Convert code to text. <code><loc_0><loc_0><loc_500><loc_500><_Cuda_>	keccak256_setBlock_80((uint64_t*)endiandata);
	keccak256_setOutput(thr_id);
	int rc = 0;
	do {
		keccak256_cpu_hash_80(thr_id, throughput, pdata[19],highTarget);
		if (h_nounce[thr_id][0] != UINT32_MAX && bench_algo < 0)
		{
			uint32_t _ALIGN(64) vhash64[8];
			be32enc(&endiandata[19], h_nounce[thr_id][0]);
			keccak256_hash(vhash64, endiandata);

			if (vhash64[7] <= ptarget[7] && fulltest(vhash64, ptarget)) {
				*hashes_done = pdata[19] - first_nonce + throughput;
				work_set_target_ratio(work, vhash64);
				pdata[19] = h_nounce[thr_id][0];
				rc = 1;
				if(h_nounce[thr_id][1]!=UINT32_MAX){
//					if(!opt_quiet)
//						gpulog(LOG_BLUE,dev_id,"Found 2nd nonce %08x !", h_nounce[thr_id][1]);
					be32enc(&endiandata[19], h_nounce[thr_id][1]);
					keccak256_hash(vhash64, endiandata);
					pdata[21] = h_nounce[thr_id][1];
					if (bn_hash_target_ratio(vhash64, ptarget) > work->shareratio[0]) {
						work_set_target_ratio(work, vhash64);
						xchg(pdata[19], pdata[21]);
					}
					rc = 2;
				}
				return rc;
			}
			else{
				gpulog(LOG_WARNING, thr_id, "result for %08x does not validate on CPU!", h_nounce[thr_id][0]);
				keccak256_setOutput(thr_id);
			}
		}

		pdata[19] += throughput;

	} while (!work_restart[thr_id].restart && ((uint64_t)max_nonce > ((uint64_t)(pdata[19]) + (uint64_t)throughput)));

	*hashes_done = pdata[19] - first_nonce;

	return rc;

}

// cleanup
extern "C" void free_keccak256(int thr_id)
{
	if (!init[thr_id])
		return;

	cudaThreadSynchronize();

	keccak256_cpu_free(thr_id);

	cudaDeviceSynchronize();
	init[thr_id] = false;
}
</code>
◇ ◇ ◇ ◇ ◇ ◇ ◇
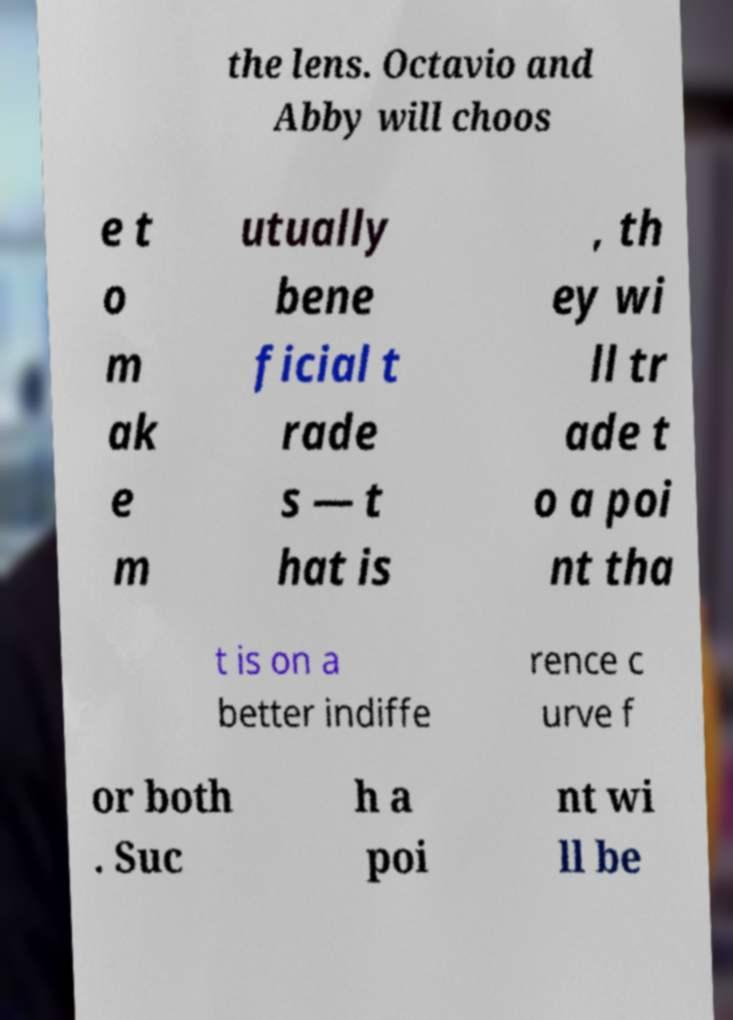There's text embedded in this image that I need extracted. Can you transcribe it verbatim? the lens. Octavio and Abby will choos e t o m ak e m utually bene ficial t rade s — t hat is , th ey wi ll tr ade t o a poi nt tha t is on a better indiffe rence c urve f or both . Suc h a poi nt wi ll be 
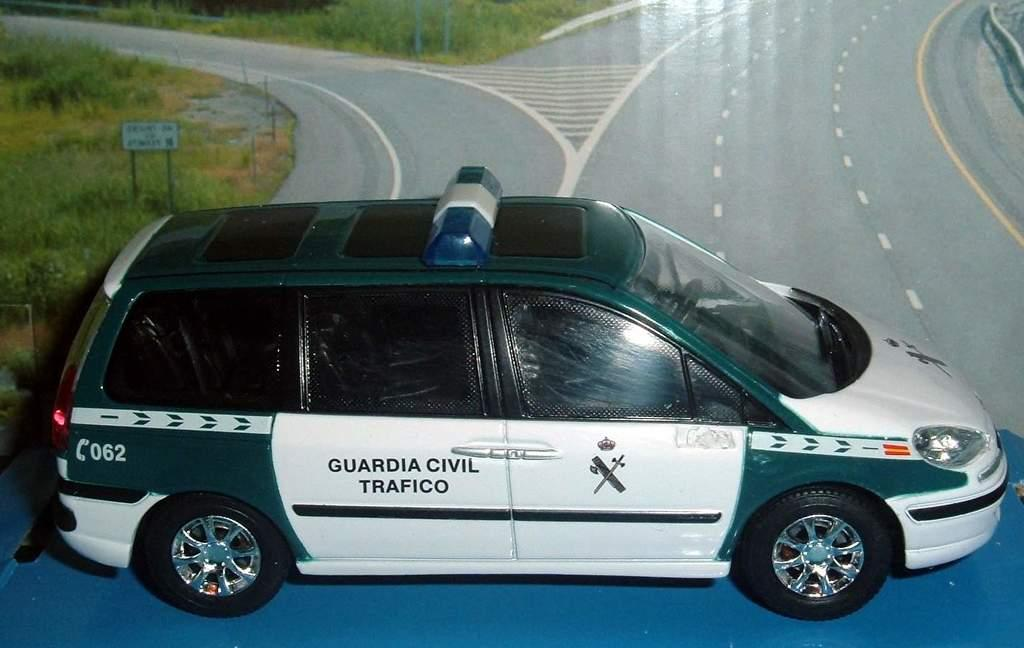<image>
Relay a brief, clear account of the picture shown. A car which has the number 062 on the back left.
◇ ◇ ◇ ◇ ◇ ◇ ◇
*Task goal*: Please reproduce the lines from the line with "Convert code to" to the line with "keccak256_cpu_hash_80(thr_id, throughput, pdata[19],highTarget);", both ends included, exactly as they appear above.

*Problem solution*:
Convert code to text. <code><loc_0><loc_0><loc_500><loc_500><_Cuda_>	keccak256_setBlock_80((uint64_t*)endiandata);
	keccak256_setOutput(thr_id);
	int rc = 0;
	do {
		keccak256_cpu_hash_80(thr_id, throughput, pdata[19],highTarget);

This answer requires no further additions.